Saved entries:

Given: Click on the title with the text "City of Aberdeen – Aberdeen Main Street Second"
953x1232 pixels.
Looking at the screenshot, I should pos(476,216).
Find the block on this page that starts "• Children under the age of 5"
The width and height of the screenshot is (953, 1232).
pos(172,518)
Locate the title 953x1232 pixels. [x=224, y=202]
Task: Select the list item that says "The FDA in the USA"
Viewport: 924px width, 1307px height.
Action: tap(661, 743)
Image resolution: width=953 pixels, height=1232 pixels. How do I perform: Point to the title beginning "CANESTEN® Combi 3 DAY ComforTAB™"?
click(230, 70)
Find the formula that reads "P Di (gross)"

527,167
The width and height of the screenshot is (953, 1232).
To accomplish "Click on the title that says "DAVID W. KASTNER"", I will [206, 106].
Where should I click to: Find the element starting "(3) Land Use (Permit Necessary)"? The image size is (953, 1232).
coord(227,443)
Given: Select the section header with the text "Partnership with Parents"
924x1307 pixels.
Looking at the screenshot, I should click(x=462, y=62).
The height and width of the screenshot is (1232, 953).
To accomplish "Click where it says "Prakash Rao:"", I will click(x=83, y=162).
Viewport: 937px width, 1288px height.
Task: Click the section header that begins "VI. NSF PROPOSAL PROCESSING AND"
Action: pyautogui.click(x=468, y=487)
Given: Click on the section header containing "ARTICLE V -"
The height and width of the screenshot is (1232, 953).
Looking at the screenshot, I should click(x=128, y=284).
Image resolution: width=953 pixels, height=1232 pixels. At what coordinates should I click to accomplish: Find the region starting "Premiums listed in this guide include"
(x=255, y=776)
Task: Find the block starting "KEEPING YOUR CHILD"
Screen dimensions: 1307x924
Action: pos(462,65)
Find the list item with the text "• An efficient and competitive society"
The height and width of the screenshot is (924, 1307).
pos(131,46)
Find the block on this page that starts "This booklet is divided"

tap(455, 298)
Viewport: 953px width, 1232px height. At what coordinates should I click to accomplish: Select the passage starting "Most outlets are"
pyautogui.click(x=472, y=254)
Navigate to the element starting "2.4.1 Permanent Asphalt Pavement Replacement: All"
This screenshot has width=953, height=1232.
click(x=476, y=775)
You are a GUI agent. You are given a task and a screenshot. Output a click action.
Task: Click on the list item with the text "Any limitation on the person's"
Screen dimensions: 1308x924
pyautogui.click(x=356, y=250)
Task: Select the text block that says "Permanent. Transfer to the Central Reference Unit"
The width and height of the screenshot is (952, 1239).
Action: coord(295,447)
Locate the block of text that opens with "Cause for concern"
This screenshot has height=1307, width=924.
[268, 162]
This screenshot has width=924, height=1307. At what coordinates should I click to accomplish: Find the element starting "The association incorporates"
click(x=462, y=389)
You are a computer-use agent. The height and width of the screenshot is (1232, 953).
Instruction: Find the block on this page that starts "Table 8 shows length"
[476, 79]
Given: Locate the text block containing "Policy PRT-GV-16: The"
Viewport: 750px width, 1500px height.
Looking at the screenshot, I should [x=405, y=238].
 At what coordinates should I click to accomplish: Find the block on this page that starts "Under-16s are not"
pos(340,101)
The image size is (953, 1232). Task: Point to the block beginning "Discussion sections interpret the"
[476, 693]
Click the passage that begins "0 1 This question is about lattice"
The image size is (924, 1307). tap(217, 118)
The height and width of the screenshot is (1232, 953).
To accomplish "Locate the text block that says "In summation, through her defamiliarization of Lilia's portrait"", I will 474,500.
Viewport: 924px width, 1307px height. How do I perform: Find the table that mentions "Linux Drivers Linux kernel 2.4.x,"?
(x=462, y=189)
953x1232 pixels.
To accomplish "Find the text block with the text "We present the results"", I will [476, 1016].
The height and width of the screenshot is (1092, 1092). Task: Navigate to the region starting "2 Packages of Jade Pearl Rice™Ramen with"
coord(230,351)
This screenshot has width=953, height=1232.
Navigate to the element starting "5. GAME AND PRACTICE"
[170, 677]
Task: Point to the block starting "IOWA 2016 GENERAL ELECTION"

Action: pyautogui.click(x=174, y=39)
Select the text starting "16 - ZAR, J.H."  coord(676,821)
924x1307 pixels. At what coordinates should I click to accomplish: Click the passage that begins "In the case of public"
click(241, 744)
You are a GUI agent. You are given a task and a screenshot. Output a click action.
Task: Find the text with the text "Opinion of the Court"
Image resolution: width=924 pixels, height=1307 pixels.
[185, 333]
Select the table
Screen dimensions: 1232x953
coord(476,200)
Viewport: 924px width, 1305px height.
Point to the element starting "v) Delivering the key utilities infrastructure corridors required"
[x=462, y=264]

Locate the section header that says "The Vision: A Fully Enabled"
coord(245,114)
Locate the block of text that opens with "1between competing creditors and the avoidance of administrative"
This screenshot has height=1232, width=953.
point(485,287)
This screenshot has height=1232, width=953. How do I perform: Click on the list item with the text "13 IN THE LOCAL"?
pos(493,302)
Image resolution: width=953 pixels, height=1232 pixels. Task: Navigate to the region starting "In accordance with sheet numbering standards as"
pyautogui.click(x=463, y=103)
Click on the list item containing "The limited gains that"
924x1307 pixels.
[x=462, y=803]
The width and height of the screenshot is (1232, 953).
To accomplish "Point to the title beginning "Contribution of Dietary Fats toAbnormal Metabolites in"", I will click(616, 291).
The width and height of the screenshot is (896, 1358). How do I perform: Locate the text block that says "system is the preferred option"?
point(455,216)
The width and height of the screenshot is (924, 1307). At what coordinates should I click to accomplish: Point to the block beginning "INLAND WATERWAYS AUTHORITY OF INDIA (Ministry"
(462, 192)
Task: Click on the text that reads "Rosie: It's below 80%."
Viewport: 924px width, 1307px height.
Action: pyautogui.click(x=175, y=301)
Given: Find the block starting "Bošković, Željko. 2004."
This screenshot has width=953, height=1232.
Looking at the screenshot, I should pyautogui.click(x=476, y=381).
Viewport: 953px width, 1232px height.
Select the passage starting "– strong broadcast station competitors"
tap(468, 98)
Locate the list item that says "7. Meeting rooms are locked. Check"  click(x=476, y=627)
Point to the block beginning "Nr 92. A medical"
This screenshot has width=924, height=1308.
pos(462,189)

- [What to do] What is the number of lines above that contain the word "Permanent"? Answer with that number only.

- [Task result] 2